Filha única de um pai abastado e profundamente egoísta. Definhava lentamente por causa desconhecida que desconcertava a ciência — uma doença estranha que a consumia sem sofrimentos agudos, mas sem esperança de cura. O pai caiu em sombrio desespero, azedando o caráter à vista do espetáculo. Um amigo espírita da família consultou seu guia protetor, que explicou as causas espirituais da situação. Anna morreu; o pai morreu depois, no isolamento.

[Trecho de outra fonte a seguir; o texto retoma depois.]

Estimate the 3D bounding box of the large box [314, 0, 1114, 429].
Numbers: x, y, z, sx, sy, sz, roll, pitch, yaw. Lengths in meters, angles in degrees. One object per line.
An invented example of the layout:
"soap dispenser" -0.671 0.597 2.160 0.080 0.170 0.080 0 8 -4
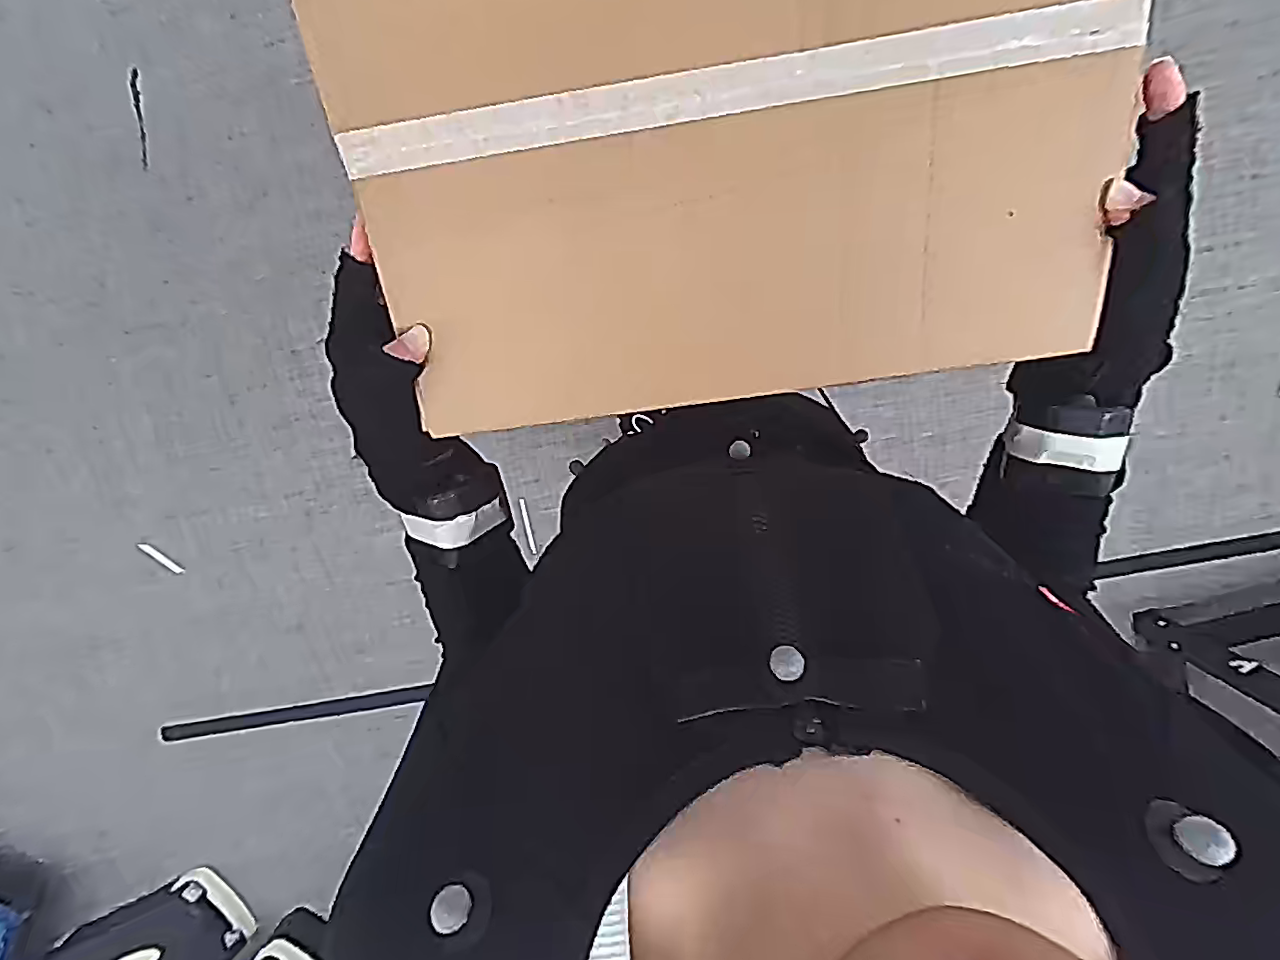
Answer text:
"large box" 0.042 -0.254 0.427 0.408 0.320 0.320 -8 112 3

Situação no mundo espiritual

O guia espiritual explicou que a doença de Anna servia principalmente como instrumento de provação para o pai, castigado “na única afeição da sua vida, por ter troçado do coração e da confiança daqueles que o cercavam” (C&I, 2ª parte, cap. VIII, “Anna Bitter”). Anna, após a morte, declarou-se feliz e recompensada; sua doença era apenas “um resto de expiação” pouco doloroso. Já o pai, egoísta e incapaz de orar, encontrou-se isolado no mundo espiritual — sem ver a filha que estava perto dele, sem receber palavra de consolo, reproduzindo no além o vazio que criara na Terra.

Lições principais

  1. O egoísmo gera isolamento no mundo espiritual. O pai não se interessava por ninguém na Terra, e ninguém se interessa por ele no além: “essa é sua punição” (C&I, 2ª parte, cap. VIII, “Anna Bitter”).
  2. A doença de um pode ser instrumento de prova para outro. Anna sofria pouco; o verdadeiro alvo da provação era o pai orgulhoso e egoísta.
  3. A revolta agrava o castigo; a resignação o abranda. Quando o pai por um instante se arrependeu, “a morte suspendeu seu gládio”, mas a revolta retornou e o castigo prosseguiu.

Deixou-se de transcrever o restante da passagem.